当時の私からすれば、美術なんぞは図書館通いの根暗野郎が好んでやるようなイジイジとした内向的で弱々しいものだという認識でございましたから、二重に驚いたものです。自分のような人間にも向く世界というものがあるのか、それになんと美術というのは職業としての幅があり、なるほど、デザインというものが世の中にあるのか!なんとなくかっこいい!ということで予備校に通い始め現役受験はデザイン科で受けたのでした。

ここから2007年に東京藝術大学の工芸科に入るまで4年間の浪人生活を経るわけですが、一浪目の夏にどこぞの美術館で徳川家の姫君の嫁入り道具として漆塗りの豪華な化粧箱のようなものを目にしたのがきっかけで工芸科に転身しました。

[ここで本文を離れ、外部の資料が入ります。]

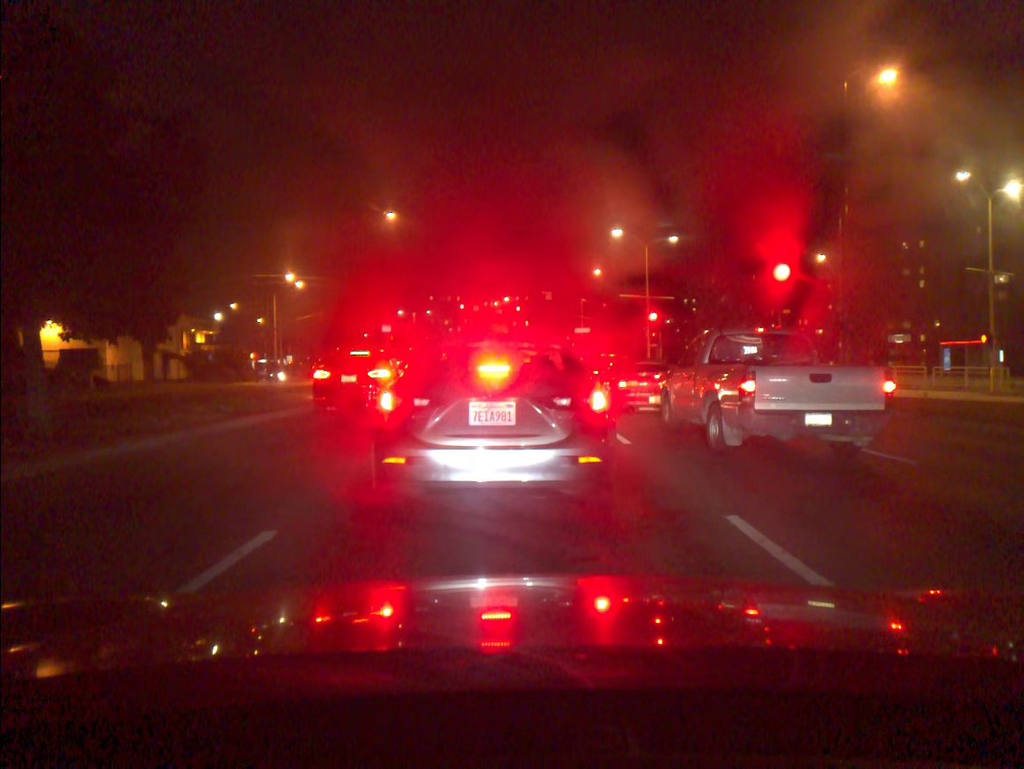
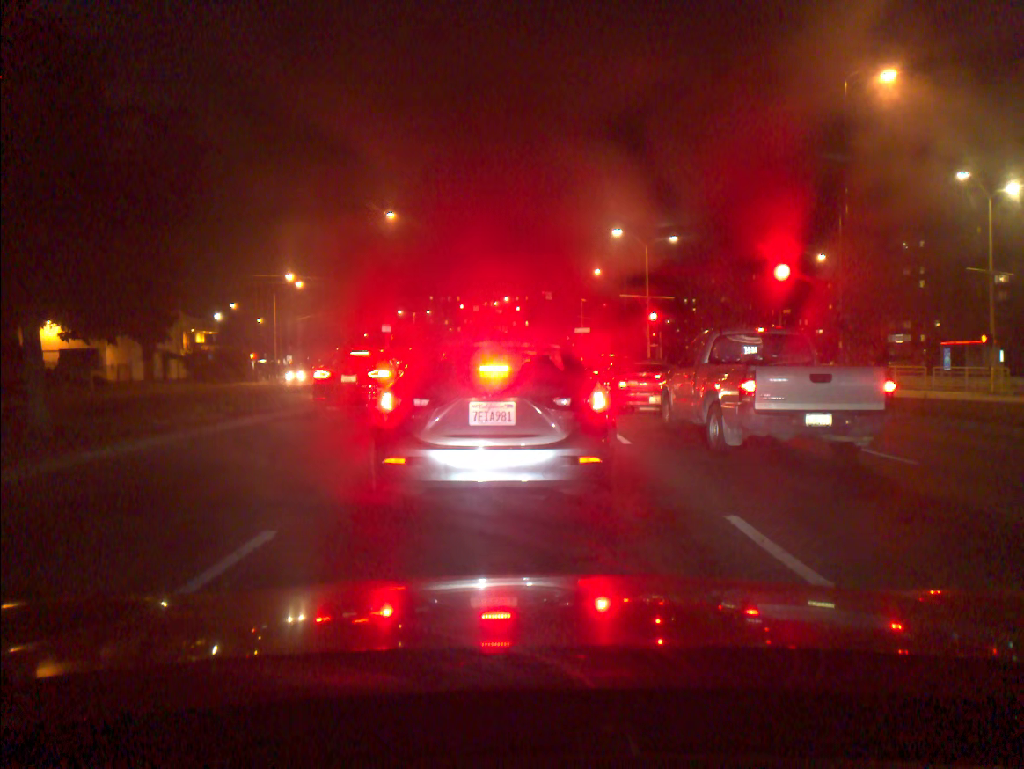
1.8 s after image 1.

当時はデザインというものが一体なんなのか、絵を描くということは一体なんなのか自分でも全くわからず、また自分には才能がないのではないかと思い悩んでいた時期でもありました。そうした中で、厳然と佇む歴史の重み、実感、豪奢なその世界観に惚れ込み、工芸科に入ったのです。

工芸科は常にデザイン・工芸としてセットで扱われ、デザイン科に比べ人数も少なく地味な人がほとんどでございましたが、そんなことは一向に構わずいつしかデッサンと彩色と立体制作の深淵にどっぷりとハマっていったのでございます。

はてさて長くなりました。一気に書ききってしまいたいところですが、他の作業もありますし今日のところはこれまでということで、御開きにさせていただきたいと思います。

それでは、「橋本仁 Artの馴れ初め」如何でございましたでしょうか。次回は「橋本仁…」お題は書き終わってから考えます。